**Exercise**:
Take the lines below beginning at the line that has "Your response must be concise. -39.67." and stopping after the line that has "Offer a terse response. -34.96.", and print them exactly as they are, with no other lines.

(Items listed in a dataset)

□ □ □

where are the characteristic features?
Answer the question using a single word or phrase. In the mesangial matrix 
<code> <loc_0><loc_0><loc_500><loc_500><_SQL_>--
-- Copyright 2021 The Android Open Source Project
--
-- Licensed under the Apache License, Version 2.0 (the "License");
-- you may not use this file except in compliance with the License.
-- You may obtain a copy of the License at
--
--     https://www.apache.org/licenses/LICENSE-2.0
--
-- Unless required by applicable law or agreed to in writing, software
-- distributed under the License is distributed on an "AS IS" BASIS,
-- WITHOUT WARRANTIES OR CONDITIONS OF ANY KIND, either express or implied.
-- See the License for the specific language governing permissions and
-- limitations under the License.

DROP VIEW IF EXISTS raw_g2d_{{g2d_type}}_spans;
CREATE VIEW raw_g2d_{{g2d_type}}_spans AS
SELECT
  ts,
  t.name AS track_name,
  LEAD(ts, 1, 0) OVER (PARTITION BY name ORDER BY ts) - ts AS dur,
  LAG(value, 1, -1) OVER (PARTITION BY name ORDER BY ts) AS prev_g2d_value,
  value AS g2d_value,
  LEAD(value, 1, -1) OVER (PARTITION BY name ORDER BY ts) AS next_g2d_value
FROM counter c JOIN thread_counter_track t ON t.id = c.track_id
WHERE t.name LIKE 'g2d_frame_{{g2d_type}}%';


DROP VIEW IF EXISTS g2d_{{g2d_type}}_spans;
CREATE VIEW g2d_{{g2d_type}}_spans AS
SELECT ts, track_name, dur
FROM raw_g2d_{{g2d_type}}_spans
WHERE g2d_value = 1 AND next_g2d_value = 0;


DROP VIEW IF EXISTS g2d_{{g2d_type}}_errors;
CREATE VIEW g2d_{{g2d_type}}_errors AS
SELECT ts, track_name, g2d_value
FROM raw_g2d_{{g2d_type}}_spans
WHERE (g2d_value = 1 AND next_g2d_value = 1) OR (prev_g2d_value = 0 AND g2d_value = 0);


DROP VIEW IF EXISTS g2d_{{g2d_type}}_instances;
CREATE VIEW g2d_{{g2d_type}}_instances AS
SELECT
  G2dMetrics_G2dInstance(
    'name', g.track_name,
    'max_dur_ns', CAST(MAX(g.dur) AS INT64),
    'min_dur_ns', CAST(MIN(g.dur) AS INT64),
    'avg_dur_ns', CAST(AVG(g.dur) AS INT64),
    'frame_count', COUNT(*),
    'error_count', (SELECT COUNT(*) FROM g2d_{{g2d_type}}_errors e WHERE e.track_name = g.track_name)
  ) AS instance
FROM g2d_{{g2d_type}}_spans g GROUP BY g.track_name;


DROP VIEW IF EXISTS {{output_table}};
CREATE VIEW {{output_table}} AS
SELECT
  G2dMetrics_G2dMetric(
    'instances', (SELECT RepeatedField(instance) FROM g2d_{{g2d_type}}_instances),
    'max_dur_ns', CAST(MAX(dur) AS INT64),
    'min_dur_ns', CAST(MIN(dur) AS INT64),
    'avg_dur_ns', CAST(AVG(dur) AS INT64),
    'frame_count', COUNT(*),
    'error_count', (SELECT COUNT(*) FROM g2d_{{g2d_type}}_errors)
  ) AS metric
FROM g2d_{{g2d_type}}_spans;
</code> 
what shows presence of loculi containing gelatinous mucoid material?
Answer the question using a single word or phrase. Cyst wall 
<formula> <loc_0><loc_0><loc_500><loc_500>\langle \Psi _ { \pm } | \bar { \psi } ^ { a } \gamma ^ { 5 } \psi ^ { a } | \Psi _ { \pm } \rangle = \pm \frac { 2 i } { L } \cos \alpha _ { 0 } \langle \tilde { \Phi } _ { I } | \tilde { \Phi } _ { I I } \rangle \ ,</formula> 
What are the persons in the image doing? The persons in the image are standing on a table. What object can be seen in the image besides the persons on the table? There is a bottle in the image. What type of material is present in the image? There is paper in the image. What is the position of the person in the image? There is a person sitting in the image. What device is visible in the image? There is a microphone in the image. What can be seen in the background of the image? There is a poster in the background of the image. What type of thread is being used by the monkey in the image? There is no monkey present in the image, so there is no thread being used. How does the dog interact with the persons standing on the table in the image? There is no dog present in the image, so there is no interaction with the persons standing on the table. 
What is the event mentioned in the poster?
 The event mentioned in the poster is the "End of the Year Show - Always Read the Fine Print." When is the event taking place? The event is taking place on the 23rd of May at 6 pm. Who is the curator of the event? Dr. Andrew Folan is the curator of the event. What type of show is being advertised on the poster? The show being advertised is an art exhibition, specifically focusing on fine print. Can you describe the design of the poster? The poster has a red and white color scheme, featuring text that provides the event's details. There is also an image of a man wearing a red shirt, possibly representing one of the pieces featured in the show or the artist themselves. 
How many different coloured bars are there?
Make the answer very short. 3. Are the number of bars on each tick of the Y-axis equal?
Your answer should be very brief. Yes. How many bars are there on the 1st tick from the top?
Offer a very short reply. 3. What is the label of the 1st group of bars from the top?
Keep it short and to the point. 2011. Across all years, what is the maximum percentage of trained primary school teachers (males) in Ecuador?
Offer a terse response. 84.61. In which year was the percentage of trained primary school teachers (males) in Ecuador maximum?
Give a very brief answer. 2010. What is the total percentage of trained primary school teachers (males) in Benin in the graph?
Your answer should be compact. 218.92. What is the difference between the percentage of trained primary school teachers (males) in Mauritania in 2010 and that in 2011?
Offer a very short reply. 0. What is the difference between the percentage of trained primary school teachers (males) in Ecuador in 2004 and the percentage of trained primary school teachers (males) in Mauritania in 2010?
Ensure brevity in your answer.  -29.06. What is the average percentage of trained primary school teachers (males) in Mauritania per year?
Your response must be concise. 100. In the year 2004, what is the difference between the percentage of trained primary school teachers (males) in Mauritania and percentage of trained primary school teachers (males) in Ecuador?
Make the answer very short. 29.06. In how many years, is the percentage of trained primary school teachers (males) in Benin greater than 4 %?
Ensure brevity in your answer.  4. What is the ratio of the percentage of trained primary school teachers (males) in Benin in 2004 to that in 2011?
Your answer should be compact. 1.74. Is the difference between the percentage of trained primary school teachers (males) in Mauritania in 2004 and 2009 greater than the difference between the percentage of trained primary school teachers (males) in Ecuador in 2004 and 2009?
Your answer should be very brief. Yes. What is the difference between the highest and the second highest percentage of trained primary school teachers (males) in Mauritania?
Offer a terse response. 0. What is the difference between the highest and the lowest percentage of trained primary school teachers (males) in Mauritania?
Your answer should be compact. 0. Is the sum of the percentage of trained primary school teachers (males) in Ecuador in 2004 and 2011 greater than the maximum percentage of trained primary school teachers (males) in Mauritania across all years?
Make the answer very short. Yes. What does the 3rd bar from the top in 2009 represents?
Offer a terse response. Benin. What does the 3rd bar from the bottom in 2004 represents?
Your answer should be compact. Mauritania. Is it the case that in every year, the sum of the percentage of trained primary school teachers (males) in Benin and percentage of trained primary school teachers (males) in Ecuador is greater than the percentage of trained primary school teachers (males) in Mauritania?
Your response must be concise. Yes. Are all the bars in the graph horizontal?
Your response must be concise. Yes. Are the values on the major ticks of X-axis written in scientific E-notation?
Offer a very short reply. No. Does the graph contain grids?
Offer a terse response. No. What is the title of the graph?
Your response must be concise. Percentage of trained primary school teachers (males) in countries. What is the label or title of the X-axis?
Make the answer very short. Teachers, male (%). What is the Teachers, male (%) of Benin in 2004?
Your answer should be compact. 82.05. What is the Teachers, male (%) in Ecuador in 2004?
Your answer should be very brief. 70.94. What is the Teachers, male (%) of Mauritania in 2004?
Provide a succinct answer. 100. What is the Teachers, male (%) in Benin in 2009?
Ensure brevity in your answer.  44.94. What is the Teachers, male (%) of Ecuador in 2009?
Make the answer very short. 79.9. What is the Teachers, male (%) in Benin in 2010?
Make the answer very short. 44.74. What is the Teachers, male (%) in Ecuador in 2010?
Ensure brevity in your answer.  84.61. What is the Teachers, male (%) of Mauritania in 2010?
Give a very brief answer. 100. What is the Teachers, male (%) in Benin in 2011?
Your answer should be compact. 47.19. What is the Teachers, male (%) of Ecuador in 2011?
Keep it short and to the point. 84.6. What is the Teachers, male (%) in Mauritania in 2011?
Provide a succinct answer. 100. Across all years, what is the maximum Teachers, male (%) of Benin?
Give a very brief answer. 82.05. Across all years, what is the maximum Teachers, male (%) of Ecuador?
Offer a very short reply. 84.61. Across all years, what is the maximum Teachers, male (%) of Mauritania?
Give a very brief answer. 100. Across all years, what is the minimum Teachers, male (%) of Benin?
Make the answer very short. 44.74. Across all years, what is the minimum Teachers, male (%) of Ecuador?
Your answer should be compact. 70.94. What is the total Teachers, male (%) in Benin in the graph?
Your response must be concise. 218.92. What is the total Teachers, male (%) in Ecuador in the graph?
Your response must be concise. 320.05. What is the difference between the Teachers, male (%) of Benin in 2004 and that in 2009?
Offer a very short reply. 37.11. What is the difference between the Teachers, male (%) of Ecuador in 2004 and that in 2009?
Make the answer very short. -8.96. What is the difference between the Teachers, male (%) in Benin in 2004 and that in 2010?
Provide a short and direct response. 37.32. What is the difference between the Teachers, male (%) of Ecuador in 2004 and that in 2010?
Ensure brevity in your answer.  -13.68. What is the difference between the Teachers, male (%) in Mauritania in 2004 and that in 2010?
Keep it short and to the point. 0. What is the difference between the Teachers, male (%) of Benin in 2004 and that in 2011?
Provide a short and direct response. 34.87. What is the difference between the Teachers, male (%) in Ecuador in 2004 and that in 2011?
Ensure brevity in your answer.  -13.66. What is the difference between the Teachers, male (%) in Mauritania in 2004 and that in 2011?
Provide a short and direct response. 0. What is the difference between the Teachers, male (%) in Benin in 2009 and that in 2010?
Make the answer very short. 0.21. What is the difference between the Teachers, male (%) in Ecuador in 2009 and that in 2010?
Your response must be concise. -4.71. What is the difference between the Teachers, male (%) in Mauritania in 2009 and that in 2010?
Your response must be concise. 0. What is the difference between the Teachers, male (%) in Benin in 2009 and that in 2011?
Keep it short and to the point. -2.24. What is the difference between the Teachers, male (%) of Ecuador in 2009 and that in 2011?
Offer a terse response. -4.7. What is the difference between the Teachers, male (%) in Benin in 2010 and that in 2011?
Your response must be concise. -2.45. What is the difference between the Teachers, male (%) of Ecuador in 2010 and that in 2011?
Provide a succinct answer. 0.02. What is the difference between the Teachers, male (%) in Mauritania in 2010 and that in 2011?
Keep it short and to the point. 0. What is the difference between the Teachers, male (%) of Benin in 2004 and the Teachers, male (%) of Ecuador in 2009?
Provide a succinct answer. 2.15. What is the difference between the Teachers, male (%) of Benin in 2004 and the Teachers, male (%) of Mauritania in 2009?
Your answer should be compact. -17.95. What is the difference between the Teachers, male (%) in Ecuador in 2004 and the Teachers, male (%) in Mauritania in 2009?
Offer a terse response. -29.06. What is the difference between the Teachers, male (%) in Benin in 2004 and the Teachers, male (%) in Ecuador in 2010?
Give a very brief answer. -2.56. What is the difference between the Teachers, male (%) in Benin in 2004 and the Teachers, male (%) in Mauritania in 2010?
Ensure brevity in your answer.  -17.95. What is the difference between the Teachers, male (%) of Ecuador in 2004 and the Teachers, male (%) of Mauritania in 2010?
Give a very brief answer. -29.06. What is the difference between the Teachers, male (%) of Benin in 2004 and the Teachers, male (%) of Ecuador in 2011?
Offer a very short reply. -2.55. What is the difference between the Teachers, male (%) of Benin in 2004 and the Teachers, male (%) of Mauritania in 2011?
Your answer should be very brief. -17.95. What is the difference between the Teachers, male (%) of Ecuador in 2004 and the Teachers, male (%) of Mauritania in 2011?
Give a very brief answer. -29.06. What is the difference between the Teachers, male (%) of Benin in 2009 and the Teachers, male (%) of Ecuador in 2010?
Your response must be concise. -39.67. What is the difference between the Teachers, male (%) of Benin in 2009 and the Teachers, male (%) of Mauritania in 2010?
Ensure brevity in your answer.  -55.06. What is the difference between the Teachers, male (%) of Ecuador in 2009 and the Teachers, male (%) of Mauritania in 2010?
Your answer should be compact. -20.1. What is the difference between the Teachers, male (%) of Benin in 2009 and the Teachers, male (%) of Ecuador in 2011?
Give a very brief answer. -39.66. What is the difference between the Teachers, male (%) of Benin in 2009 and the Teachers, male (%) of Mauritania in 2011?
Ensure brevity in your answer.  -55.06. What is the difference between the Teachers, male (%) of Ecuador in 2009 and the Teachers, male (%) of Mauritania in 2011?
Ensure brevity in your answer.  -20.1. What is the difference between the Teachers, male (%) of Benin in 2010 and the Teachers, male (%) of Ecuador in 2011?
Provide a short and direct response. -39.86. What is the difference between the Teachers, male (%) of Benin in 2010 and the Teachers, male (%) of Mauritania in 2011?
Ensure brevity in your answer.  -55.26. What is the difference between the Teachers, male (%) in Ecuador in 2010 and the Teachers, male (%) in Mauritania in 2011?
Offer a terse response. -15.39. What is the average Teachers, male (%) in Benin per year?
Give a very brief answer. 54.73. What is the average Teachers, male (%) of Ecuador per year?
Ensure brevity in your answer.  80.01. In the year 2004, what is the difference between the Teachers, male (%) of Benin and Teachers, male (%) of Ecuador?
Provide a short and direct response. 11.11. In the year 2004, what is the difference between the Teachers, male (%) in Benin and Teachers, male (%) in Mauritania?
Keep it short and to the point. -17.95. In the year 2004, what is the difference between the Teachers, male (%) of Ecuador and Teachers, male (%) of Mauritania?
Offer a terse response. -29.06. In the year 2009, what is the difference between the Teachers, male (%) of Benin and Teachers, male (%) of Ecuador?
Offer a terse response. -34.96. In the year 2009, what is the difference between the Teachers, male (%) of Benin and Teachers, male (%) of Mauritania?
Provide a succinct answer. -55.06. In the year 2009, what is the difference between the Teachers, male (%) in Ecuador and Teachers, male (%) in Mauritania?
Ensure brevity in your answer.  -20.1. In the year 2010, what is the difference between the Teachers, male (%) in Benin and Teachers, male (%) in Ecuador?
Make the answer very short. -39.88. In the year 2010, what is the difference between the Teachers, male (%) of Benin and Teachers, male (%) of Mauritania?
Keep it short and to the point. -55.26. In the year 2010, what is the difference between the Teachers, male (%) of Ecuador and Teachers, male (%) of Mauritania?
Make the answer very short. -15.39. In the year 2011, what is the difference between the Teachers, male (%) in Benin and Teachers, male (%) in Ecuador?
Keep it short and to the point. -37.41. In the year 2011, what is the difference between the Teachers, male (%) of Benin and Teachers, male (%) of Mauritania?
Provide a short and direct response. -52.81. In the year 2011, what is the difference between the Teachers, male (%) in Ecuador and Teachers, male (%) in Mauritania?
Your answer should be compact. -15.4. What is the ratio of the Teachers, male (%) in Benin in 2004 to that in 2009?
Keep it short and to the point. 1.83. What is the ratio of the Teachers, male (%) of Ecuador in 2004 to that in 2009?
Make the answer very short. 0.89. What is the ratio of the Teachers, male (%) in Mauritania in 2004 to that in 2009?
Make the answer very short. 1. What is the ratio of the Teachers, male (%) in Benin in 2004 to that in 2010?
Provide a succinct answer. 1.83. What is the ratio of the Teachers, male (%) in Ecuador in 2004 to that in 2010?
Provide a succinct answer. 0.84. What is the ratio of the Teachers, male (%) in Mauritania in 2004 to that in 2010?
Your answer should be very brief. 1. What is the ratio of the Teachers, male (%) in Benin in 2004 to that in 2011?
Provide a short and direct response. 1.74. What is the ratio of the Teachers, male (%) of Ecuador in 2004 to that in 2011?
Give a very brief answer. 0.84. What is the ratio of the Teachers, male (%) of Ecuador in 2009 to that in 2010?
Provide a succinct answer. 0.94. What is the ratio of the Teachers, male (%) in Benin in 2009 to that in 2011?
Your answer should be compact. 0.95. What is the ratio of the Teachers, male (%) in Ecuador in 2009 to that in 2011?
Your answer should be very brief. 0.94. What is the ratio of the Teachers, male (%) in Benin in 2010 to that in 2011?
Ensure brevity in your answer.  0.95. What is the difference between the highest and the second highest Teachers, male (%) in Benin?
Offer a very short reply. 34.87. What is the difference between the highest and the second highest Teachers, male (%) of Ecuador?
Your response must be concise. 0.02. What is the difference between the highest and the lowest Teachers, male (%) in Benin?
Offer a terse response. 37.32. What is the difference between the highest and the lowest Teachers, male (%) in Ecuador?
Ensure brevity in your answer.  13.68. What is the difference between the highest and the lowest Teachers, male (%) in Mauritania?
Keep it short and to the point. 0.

□ □ □

**Finished exercise**:
Your response must be concise. -39.67. What is the difference between the Teachers, male (%) of Benin in 2009 and the Teachers, male (%) of Mauritania in 2010?
Ensure brevity in your answer.  -55.06. What is the difference between the Teachers, male (%) of Ecuador in 2009 and the Teachers, male (%) of Mauritania in 2010?
Your answer should be compact. -20.1. What is the difference between the Teachers, male (%) of Benin in 2009 and the Teachers, male (%) of Ecuador in 2011?
Give a very brief answer. -39.66. What is the difference between the Teachers, male (%) of Benin in 2009 and the Teachers, male (%) of Mauritania in 2011?
Ensure brevity in your answer.  -55.06. What is the difference between the Teachers, male (%) of Ecuador in 2009 and the Teachers, male (%) of Mauritania in 2011?
Ensure brevity in your answer.  -20.1. What is the difference between the Teachers, male (%) of Benin in 2010 and the Teachers, male (%) of Ecuador in 2011?
Provide a short and direct response. -39.86. What is the difference between the Teachers, male (%) of Benin in 2010 and the Teachers, male (%) of Mauritania in 2011?
Ensure brevity in your answer.  -55.26. What is the difference between the Teachers, male (%) in Ecuador in 2010 and the Teachers, male (%) in Mauritania in 2011?
Offer a terse response. -15.39. What is the average Teachers, male (%) in Benin per year?
Give a very brief answer. 54.73. What is the average Teachers, male (%) of Ecuador per year?
Ensure brevity in your answer.  80.01. In the year 2004, what is the difference between the Teachers, male (%) of Benin and Teachers, male (%) of Ecuador?
Provide a short and direct response. 11.11. In the year 2004, what is the difference between the Teachers, male (%) in Benin and Teachers, male (%) in Mauritania?
Keep it short and to the point. -17.95. In the year 2004, what is the difference between the Teachers, male (%) of Ecuador and Teachers, male (%) of Mauritania?
Offer a terse response. -29.06. In the year 2009, what is the difference between the Teachers, male (%) of Benin and Teachers, male (%) of Ecuador?
Offer a terse response. -34.96. In the year 2009, what is the difference between the Teachers, male (%) of Benin and Teachers, male (%) of Mauritania?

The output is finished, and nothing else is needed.